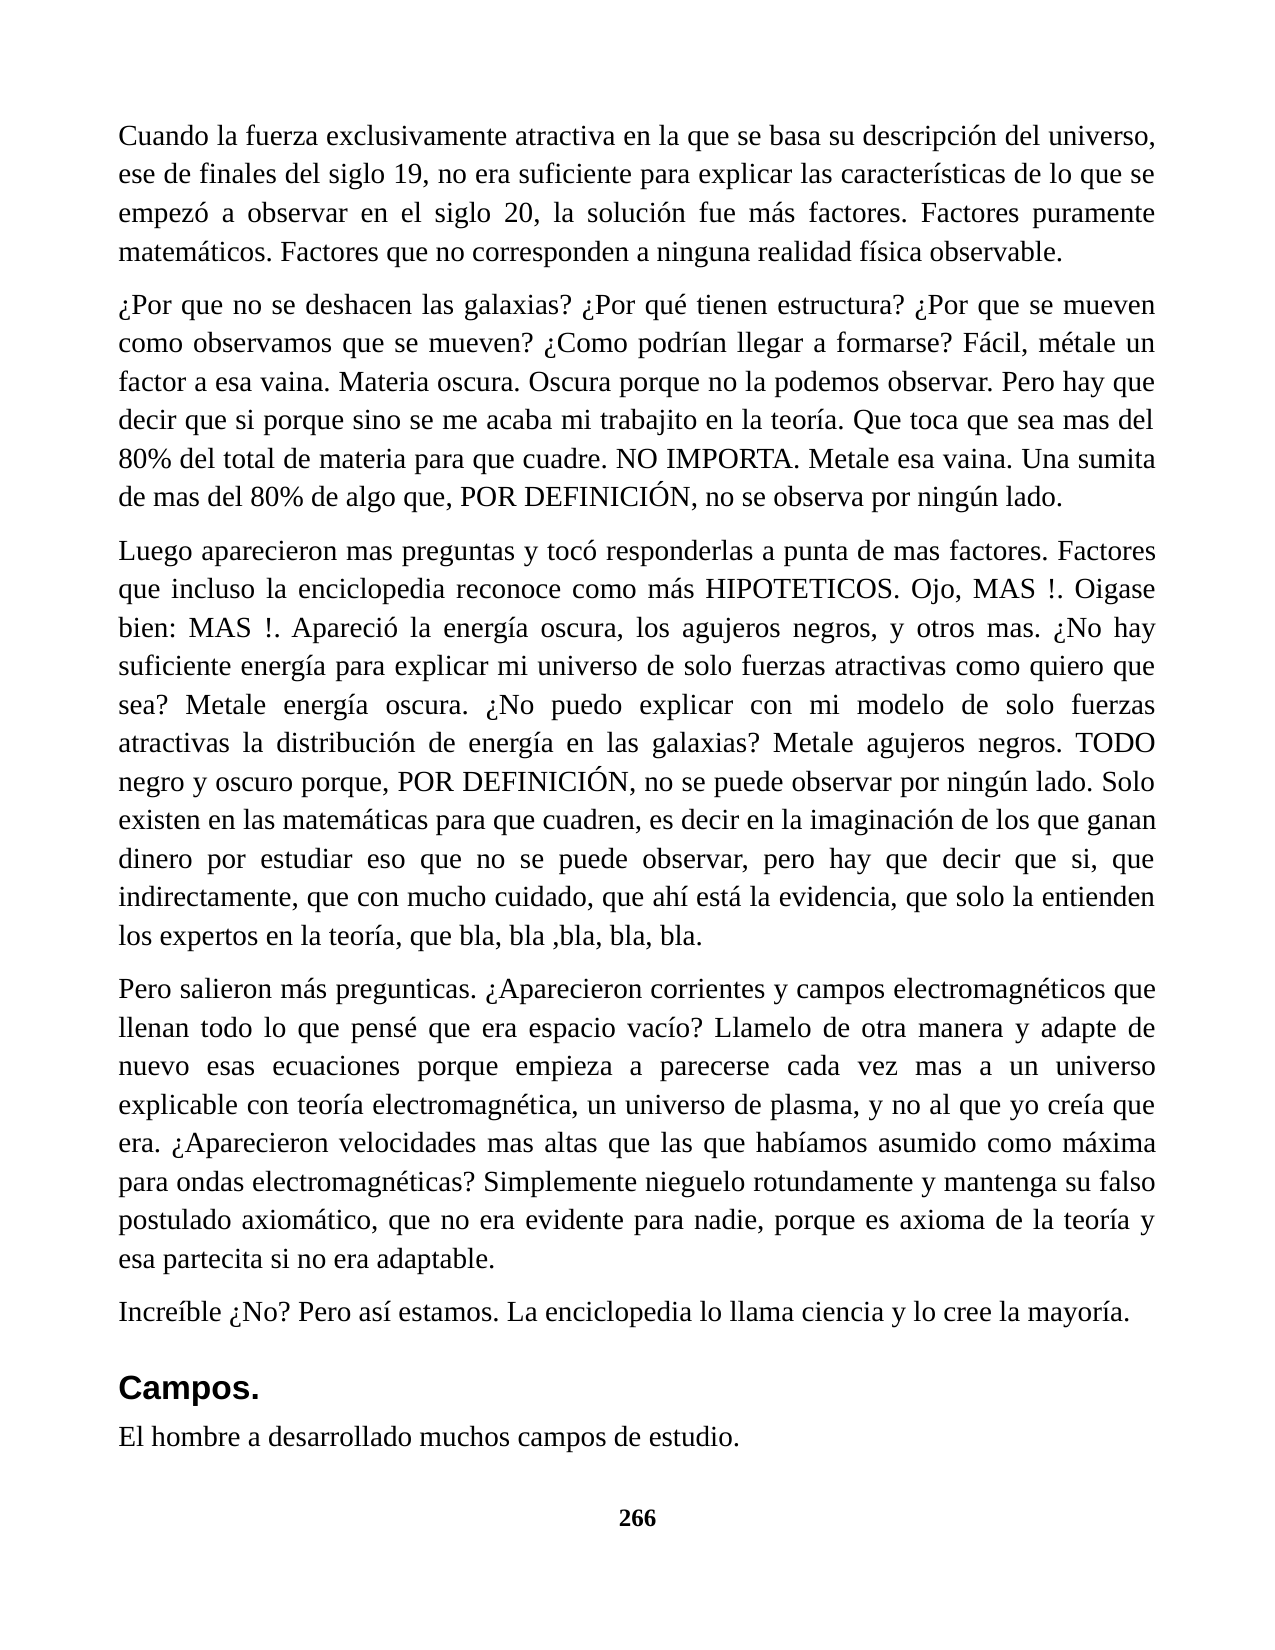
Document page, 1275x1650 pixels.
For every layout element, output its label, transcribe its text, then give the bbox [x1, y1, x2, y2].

text ¿Por que no se deshacen las galaxias? ¿Por qué tienen estructura? ¿Por que se mueven como observamos que se mueven? ¿Como podrían llegar a formarse? Fácil, métale un factor a esa vaina. Materia oscura. Oscura porque no la podemos observar. Pero hay que decir que si porque sino se me acaba mi trabajito en la teoría. Que toca que sea mas del 80% del total de materia para que cuadre. NO IMPORTA. Metale esa vaina. Una sumita de mas del 80% de algo que, POR DEFINICIÓN, no se observa por ningún lado. [118, 287, 1157, 513]
subtitle Campos. [118, 1368, 1157, 1407]
text Increíble ¿No? Pero así estamos. La enciclopedia lo llama ciencia y lo cree la mayoría. [118, 1294, 1157, 1328]
text Luego aparecieron mas preguntas y tocó responderlas a punta de mas factores. Factores que incluso la enciclopedia reconoce como más HIPOTETICOS. Ojo, MAS !. Oigase bien: MAS !. Apareció la energía oscura, los agujeros negros, y otros mas. ¿No hay suficiente energía para explicar mi universo de solo fuerzas atractivas como quiero que sea? Metale energía oscura. ¿No puedo explicar con mi modelo de solo fuerzas atractivas la distribución de energía en las galaxias? Metale agujeros negros. TODO negro y oscuro porque, POR DEFINICIÓN, no se puede observar por ningún lado. Solo existen en las matemáticas para que cuadren, es decir en la imaginación de los que ganan dinero por estudiar eso que no se puede observar, pero hay que decir que si, que indirectamente, que con mucho cuidado, que ahí está la evidencia, que solo la entienden los expertos en la teoría, que bla, bla ,bla, bla, bla. [118, 533, 1157, 952]
text Pero salieron más pregunticas. ¿Aparecieron corrientes y campos electromagnéticos que llenan todo lo que pensé que era espacio vacío? Llamelo de otra manera y adapte de nuevo esas ecuaciones porque empieza a parecerse cada vez mas a un universo explicable con teoría electromagnética, un universo de plasma, y no al que yo creía que era. ¿Aparecieron velocidades mas altas que las que habíamos asumido como máxima para ondas electromagnéticas? Simplemente nieguelo rotundamente y mantenga su falso postulado axiomático, que no era evidente para nadie, porque es axioma de la teoría y esa partecita si no era adaptable. [118, 971, 1157, 1274]
text Cuando la fuerza exclusivamente atractiva en la que se basa su descripción del universo, ese de finales del siglo 19, no era suficiente para explicar las características de lo que se empezó a observar en el siglo 20, la solución fue más factores. Factores puramente matemáticos. Factores que no corresponden a ninguna realidad física observable. [118, 118, 1157, 267]
text El hombre a desarrollado muchos campos de estudio. [118, 1419, 1157, 1453]
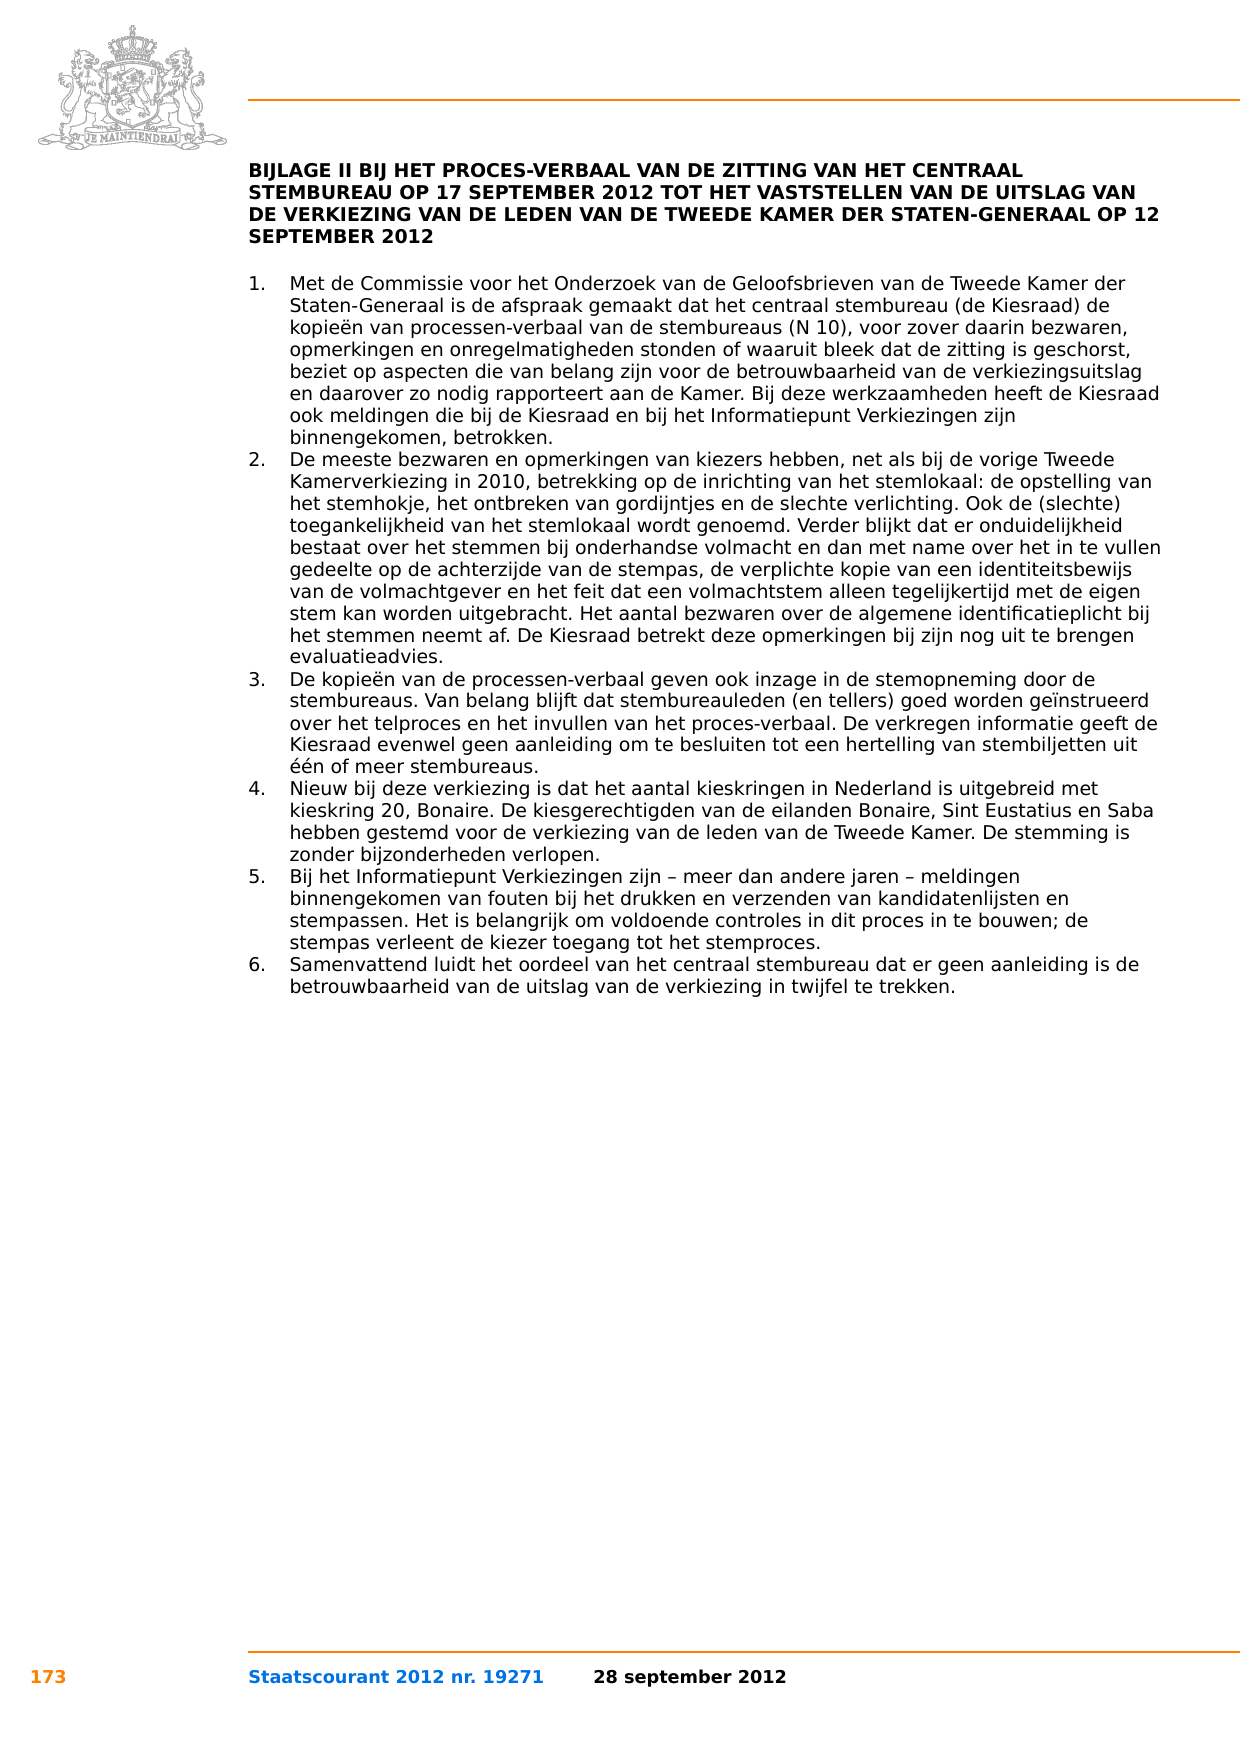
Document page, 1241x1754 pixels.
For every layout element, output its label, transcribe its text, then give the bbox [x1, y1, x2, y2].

text 1. Met de Commissie voor het Onderzoek van de Geloofsbrieven van de Tweede Kamer der Staten-Generaal is de afspraak gemaakt dat het centraal stembureau (de Kiesraad) de kopieën van processen-verbaal van de stembureaus (N 10), voor zover daarin bezwaren, opmerkingen en onregelmatigheden stonden of waaruit bleek dat de zitting is geschorst, beziet op aspecten die van belang zijn voor de betrouwbaarheid van de verkiezingsuitslag en daarover zo nodig rapporteert aan de Kamer. Bij deze werkzaamheden heeft de Kiesraad ook meldingen die bij de Kiesraad en bij het Informatiepunt Verkiezingen zijn binnengekomen, betrokken. [248, 273, 1163, 449]
picture [38, 25, 227, 150]
text 4. Nieuw bij deze verkiezing is dat het aantal kieskringen in Nederland is uitgebreid met kieskring 20, Bonaire. De kiesgerechtigden van de eilanden Bonaire, Sint Eustatius en Saba hebben gestemd voor de verkiezing van de leden van de Tweede Kamer. De stemming is zonder bijzonderheden verlopen. [248, 778, 1163, 866]
text 3. De kopieën van de processen-verbaal geven ook inzage in de stemopneming door de stembureaus. Van belang blijft dat stembureauleden (en tellers) goed worden geïnstrueerd over het telproces en het invullen van het proces-verbaal. De verkregen informatie geeft de Kiesraad evenwel geen aanleiding om te besluiten tot een hertelling van stembiljetten uit één of meer stembureaus. [248, 668, 1163, 778]
subtitle BIJLAGE II BIJ HET PROCES-VERBAAL VAN DE ZITTING VAN HET CENTRAAL STEMBUREAU OP 17 SEPTEMBER 2012 TOT HET VASTSTELLEN VAN DE UITSLAG VAN DE VERKIEZING VAN DE LEDEN VAN DE TWEEDE KAMER DER STATEN-GENERAAL OP 12 SEPTEMBER 2012 [248, 160, 1163, 248]
text 6. Samenvattend luidt het oordeel van het centraal stembureau dat er geen aanleiding is de betrouwbaarheid van de uitslag van de verkiezing in twijfel te trekken. [248, 954, 1163, 998]
text 5. Bij het Informatiepunt Verkiezingen zijn – meer dan andere jaren – meldingen binnengekomen van fouten bij het drukken en verzenden van kandidatenlijsten en stempassen. Het is belangrijk om voldoende controles in dit proces in te bouwen; de stempas verleent de kiezer toegang tot het stemproces. [248, 866, 1163, 954]
text 2. De meeste bezwaren en opmerkingen van kiezers hebben, net als bij de vorige Tweede Kamerverkiezing in 2010, betrekking op de inrichting van het stemlokaal: de opstelling van het stemhokje, het ontbreken van gordijntjes en de slechte verlichting. Ook de (slechte) toegankelijkheid van het stemlokaal wordt genoemd. Verder blijkt dat er onduidelijkheid bestaat over het stemmen bij onderhandse volmacht en dan met name over het in te vullen gedeelte op de achterzijde van de stempas, de verplichte kopie van een identiteitsbewijs van de volmachtgever en het feit dat een volmachtstem alleen tegelijkertijd met de eigen stem kan worden uitgebracht. Het aantal bezwaren over de algemene identificatieplicht bij het stemmen neemt af. De Kiesraad betrekt deze opmerkingen bij zijn nog uit te brengen evaluatieadvies. [248, 449, 1163, 668]

┄┄┄┄┄┄

→ TASK ITEM
Every record above must be printed exactly, except for its images.

→ EXPECTED OUTPUT
Document page, 1275x1650 pixels.
For every layout element, output its label, transcribe its text, then give the bbox [x1, y1, x2, y2].

text ¿Por que no se deshacen las galaxias? ¿Por qué tienen estructura? ¿Por que se mueven como observamos que se mueven? ¿Como podrían llegar a formarse? Fácil, métale un factor a esa vaina. Materia oscura. Oscura porque no la podemos observar. Pero hay que decir que si porque sino se me acaba mi trabajito en la teoría. Que toca que sea mas del 80% del total de materia para que cuadre. NO IMPORTA. Metale esa vaina. Una sumita de mas del 80% de algo que, POR DEFINICIÓN, no se observa por ningún lado. [118, 287, 1157, 513]
subtitle Campos. [118, 1368, 1157, 1407]
text Increíble ¿No? Pero así estamos. La enciclopedia lo llama ciencia y lo cree la mayoría. [118, 1294, 1157, 1328]
text Luego aparecieron mas preguntas y tocó responderlas a punta de mas factores. Factores que incluso la enciclopedia reconoce como más HIPOTETICOS. Ojo, MAS !. Oigase bien: MAS !. Apareció la energía oscura, los agujeros negros, y otros mas. ¿No hay suficiente energía para explicar mi universo de solo fuerzas atractivas como quiero que sea? Metale energía oscura. ¿No puedo explicar con mi modelo de solo fuerzas atractivas la distribución de energía en las galaxias? Metale agujeros negros. TODO negro y oscuro porque, POR DEFINICIÓN, no se puede observar por ningún lado. Solo existen en las matemáticas para que cuadren, es decir en la imaginación de los que ganan dinero por estudiar eso que no se puede observar, pero hay que decir que si, que indirectamente, que con mucho cuidado, que ahí está la evidencia, que solo la entienden los expertos en la teoría, que bla, bla ,bla, bla, bla. [118, 533, 1157, 952]
text Pero salieron más pregunticas. ¿Aparecieron corrientes y campos electromagnéticos que llenan todo lo que pensé que era espacio vacío? Llamelo de otra manera y adapte de nuevo esas ecuaciones porque empieza a parecerse cada vez mas a un universo explicable con teoría electromagnética, un universo de plasma, y no al que yo creía que era. ¿Aparecieron velocidades mas altas que las que habíamos asumido como máxima para ondas electromagnéticas? Simplemente nieguelo rotundamente y mantenga su falso postulado axiomático, que no era evidente para nadie, porque es axioma de la teoría y esa partecita si no era adaptable. [118, 971, 1157, 1274]
text Cuando la fuerza exclusivamente atractiva en la que se basa su descripción del universo, ese de finales del siglo 19, no era suficiente para explicar las características de lo que se empezó a observar en el siglo 20, la solución fue más factores. Factores puramente matemáticos. Factores que no corresponden a ninguna realidad física observable. [118, 118, 1157, 267]
text El hombre a desarrollado muchos campos de estudio. [118, 1419, 1157, 1453]
Document page, 1241x1754 pixels.
For every layout element, output its label, transcribe its text, then give the bbox [x1, y1, x2, y2].

text 1. Met de Commissie voor het Onderzoek van de Geloofsbrieven van de Tweede Kamer der Staten-Generaal is de afspraak gemaakt dat het centraal stembureau (de Kiesraad) de kopieën van processen-verbaal van de stembureaus (N 10), voor zover daarin bezwaren, opmerkingen en onregelmatigheden stonden of waaruit bleek dat de zitting is geschorst, beziet op aspecten die van belang zijn voor de betrouwbaarheid van de verkiezingsuitslag en daarover zo nodig rapporteert aan de Kamer. Bij deze werkzaamheden heeft de Kiesraad ook meldingen die bij de Kiesraad en bij het Informatiepunt Verkiezingen zijn binnengekomen, betrokken. [248, 273, 1163, 449]
picture [38, 25, 227, 150]
text 4. Nieuw bij deze verkiezing is dat het aantal kieskringen in Nederland is uitgebreid met kieskring 20, Bonaire. De kiesgerechtigden van de eilanden Bonaire, Sint Eustatius en Saba hebben gestemd voor de verkiezing van de leden van de Tweede Kamer. De stemming is zonder bijzonderheden verlopen. [248, 778, 1163, 866]
text 3. De kopieën van de processen-verbaal geven ook inzage in de stemopneming door de stembureaus. Van belang blijft dat stembureauleden (en tellers) goed worden geïnstrueerd over het telproces en het invullen van het proces-verbaal. De verkregen informatie geeft de Kiesraad evenwel geen aanleiding om te besluiten tot een hertelling van stembiljetten uit één of meer stembureaus. [248, 668, 1163, 778]
subtitle BIJLAGE II BIJ HET PROCES-VERBAAL VAN DE ZITTING VAN HET CENTRAAL STEMBUREAU OP 17 SEPTEMBER 2012 TOT HET VASTSTELLEN VAN DE UITSLAG VAN DE VERKIEZING VAN DE LEDEN VAN DE TWEEDE KAMER DER STATEN-GENERAAL OP 12 SEPTEMBER 2012 [248, 160, 1163, 248]
text 6. Samenvattend luidt het oordeel van het centraal stembureau dat er geen aanleiding is de betrouwbaarheid van de uitslag van de verkiezing in twijfel te trekken. [248, 954, 1163, 998]
text 5. Bij het Informatiepunt Verkiezingen zijn – meer dan andere jaren – meldingen binnengekomen van fouten bij het drukken en verzenden van kandidatenlijsten en stempassen. Het is belangrijk om voldoende controles in dit proces in te bouwen; de stempas verleent de kiezer toegang tot het stemproces. [248, 866, 1163, 954]
text 2. De meeste bezwaren en opmerkingen van kiezers hebben, net als bij de vorige Tweede Kamerverkiezing in 2010, betrekking op de inrichting van het stemlokaal: de opstelling van het stemhokje, het ontbreken van gordijntjes en de slechte verlichting. Ook de (slechte) toegankelijkheid van het stemlokaal wordt genoemd. Verder blijkt dat er onduidelijkheid bestaat over het stemmen bij onderhandse volmacht en dan met name over het in te vullen gedeelte op de achterzijde van de stempas, de verplichte kopie van een identiteitsbewijs van de volmachtgever en het feit dat een volmachtstem alleen tegelijkertijd met de eigen stem kan worden uitgebracht. Het aantal bezwaren over de algemene identificatieplicht bij het stemmen neemt af. De Kiesraad betrekt deze opmerkingen bij zijn nog uit te brengen evaluatieadvies. [248, 449, 1163, 668]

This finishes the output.